# Muzzleloader help...



## chaps (Aug 31, 2009)

My good buddy gave me a muzzleloader as an early Christmas present. I was beyond shocked. I know nothing about them. What do you recommend for me to buy to make this a deer killing piece? Thanks for the help.


----------



## Realtor (Oct 1, 2007)

https://escambiarivergunclub.org/groups-and-shooting-disciplines/muzzleloaders/

go hang with these guys for a while... you'll know more than you may want to know..... time very well spent.


----------



## jaster (Oct 7, 2007)

What type Jon? I have an older CVA takes the 209 primers, I love it. Just changed the scope and plan to try to sight it in tomorrow. It is a tack driver for the first 3 shots or so, then it needs a brush down the tube. 

I have a membership at Escambia river, hopler if you wanna tag along some time its only $10 for guest and blows the place before the bridges out of the water.


----------



## chaps (Aug 31, 2009)

jaster said:


> What type Jon? I have an older CVA takes the 209 primers, I love it. Just changed the scope and plan to try to sight it in tomorrow. It is a tack driver for the first 3 shots or so, then it needs a brush down the tube.
> 
> I have a membership at Escambia river, hopler if you wanna tag along some time its only $10 for guest and blows the place before the bridges out of the water.


Thanks Jason. 

It's an Optima cva v2

It's a great looking gun! I can't wait to shoot it.


----------



## CurDog (Nov 14, 2010)

chaps said:


> . What do you recommend for me to buy to make this a deer killing piece? Thanks for the help.



What to buy: 

A good scope and 1-piece scope mount
50 cal sabots or power belts 
209 primers
blackpowder pellets (easiest/fastest to load)
good cleaning supplies 


I have a T/C Encore magnum BP rifle and use 3 pellets = 150g powder. 
Never over powder beyond the barrels printed limit. 
Not familiar with the one you have, but it's max powder charge is either 100g or 150g. 

I use the white hots pellets, burns cleaner, and 295g bullets. 
There should be some accompanying literature on getting started, read it, as it should tell 
you what they recommend on 1st time loading and shooting, as well as cleaning. Some even have their recommended bullets to use.

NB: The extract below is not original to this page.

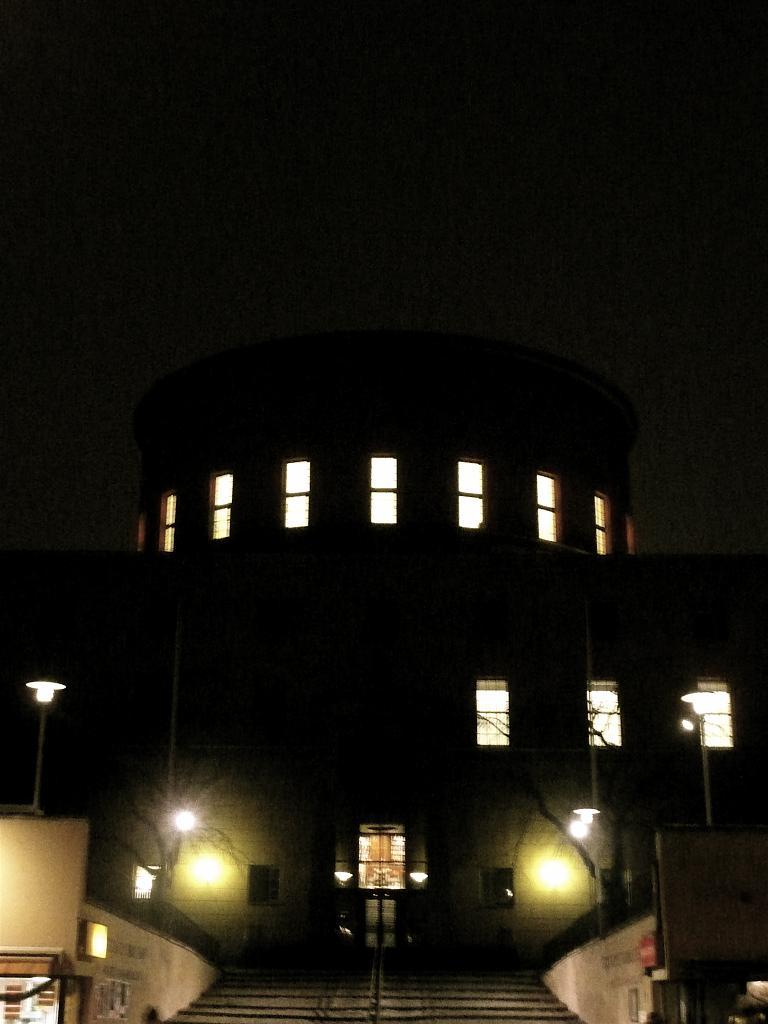What type of structure is present in the image? There is a building in the image. What feature can be seen on the building? The building has windows. What is located in front of the building? There are trees in front of the building. What else can be seen in the image besides the building and trees? There are poles with lights in the image. What is visible behind the building? The sky is visible behind the building. How much income does the cobweb on the building generate? There is no cobweb present in the image, so it is not possible to determine its income. 
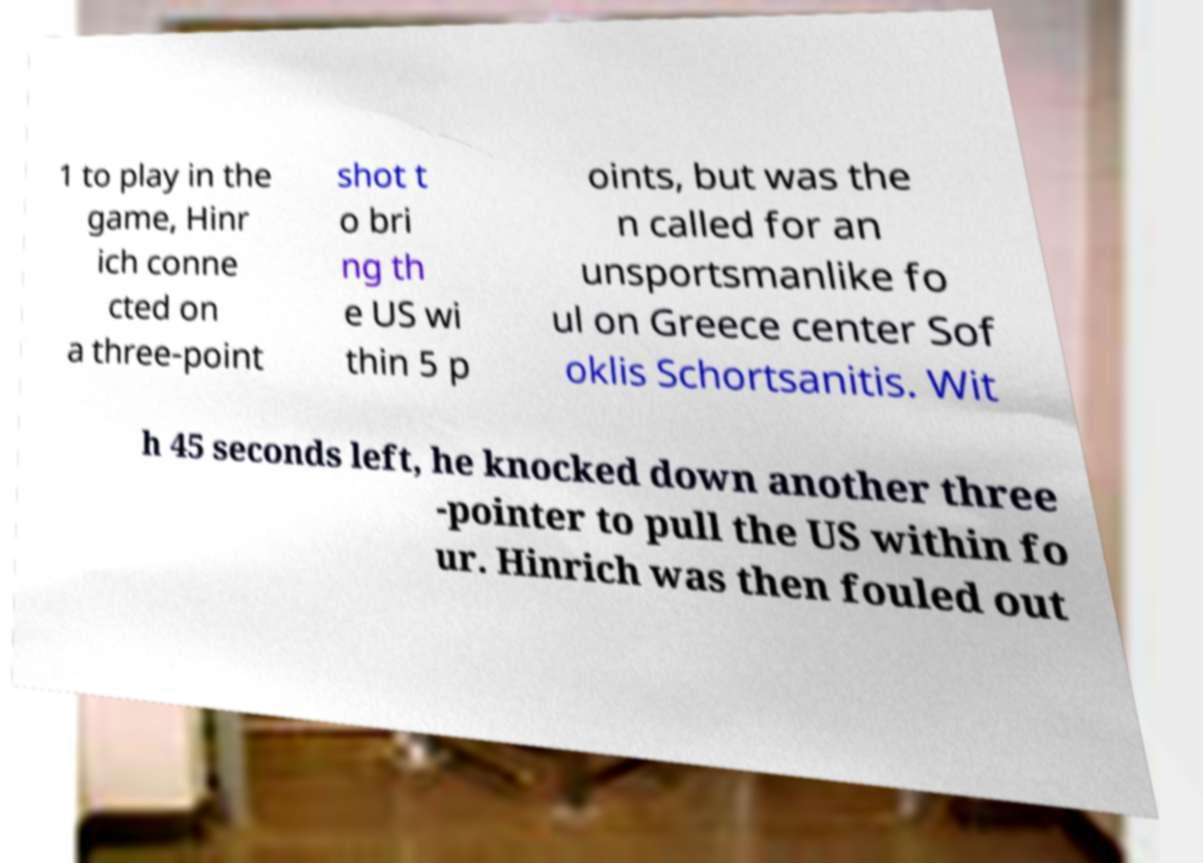Could you assist in decoding the text presented in this image and type it out clearly? 1 to play in the game, Hinr ich conne cted on a three-point shot t o bri ng th e US wi thin 5 p oints, but was the n called for an unsportsmanlike fo ul on Greece center Sof oklis Schortsanitis. Wit h 45 seconds left, he knocked down another three -pointer to pull the US within fo ur. Hinrich was then fouled out

Once you get accustomed to it, you might want to try blackhorn 209 powder. It is in powder form so you will need to measure it for each shot (there's a quick measure device you can buy).
But the best thing about blackhorn 209 is that it is non-corrosive, whereas the white hots is corrosive. 
Other B.powders are triple 7 (corrosive) and pyrodex powders (corrosive too I think). 
I don't worry about the corrosive powder because I clean my barrel thoroughly even if I didn't shoot it that day. 
g/l and have some fun


----------



## chaps (Aug 31, 2009)

CurDog said:


> What to buy:
> 
> A good scope and 1-piece scope mount
> 50 cal sabots or power belts
> ...



Thanks curdog! I think I got it narrowed down.


----------



## Linkovich (Oct 24, 2007)

My CVA Wolf really likes the following:
250gr Thompson Center Shockwaves
(2) 50gr Triple 7 pellets....100grs total
Remington Kleanbore 209 primer

It's a tac driver with that combo. I could never get the power belts to shoot well for me, but I got new glass this year so I may give them another shot when I sight it in this week


----------



## billyb (Aug 22, 2012)

I agree with Link. I have always found 2 777 50 pellets behind a 250 TC Shockwave to be very accurate. No need for max loads. I even use that combo in my Optima pistol. No more recoil than my Encore 44 mag.


----------



## jaster (Oct 7, 2007)

I may need to try some of the shockwaves. I use 2 777 pellets and a Win 209 primer in my cva and the 295 gr powerpelts. 3 to the right were right out of the cleaned oiled barrel. Adjusted scope, brushed it swabbed it the next 3 are close enough to kill a deer at 100yrds!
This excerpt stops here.